The Court of Appeals concluded that while Ms. Fletcher would not have seen any warning label placed on CertainTeed’s products, such a warning would have allowed her father to take steps to protect her from any danger.

Supreme Court justices, however, “We are disinclined to conclude that CertainTeed owed a duty to warn third parties based on the fact that, in this case, such a warning may have been effective,” the opinion says. “It is not difficult to envision that while some workers might have taken steps to protect or warn family members or other individuals with whom they came in contact, other workers might not have taken such steps.”
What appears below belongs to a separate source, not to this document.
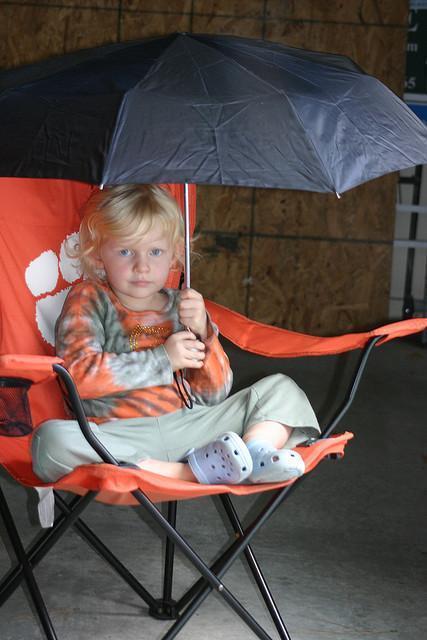How many shoes is the kid wearing?
Give a very brief answer. 2. How many red color pizza on the bowl?
Give a very brief answer. 0. 
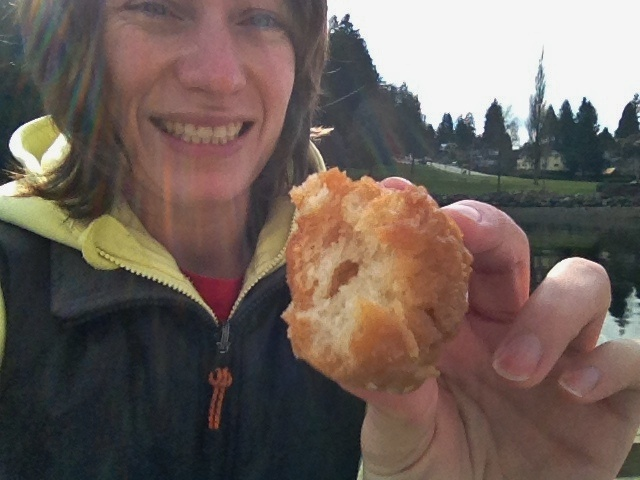Describe the objects in this image and their specific colors. I can see people in gray, black, brown, and maroon tones and donut in gray, brown, and tan tones in this image.

“Therefore, we think it unreasonable to impose a duty on CertainTeed to warn all individuals in (Ms.) Fletcher’s position, whether those individuals be family members or simply members of the public who were exposed to asbestos-laden clothing, as the mechanism and scope of such warnings would be endless,” the opinion says. “Accordingly, we hold that CertainTeed owed no duty to warn Fletcher regarding the dangers of the asbestos dust and thus, that the Court of Appeals erroneously reversed the trial court’s grant of summary judgment to CertainTeed with respect to (Ms.) Fletcher’s duty to warn claim.”

In a special concurrence, Justice Harold Melton agrees with the overall judgment, but disagrees with the majority’s analysis of Ms. Fletcher’s duty to warn claim. “Our analysis in this case does not and should not reach or analyze the issue of CertainTeed’s duty to warn (Ms.) Fletcher’s father or the ramifications of any failure to warn (Ms.) Fletcher’s father,” he writes. The analysis “must be limited to the issues relating to the failure to warn (Ms.) Fletcher, not her father in this case.”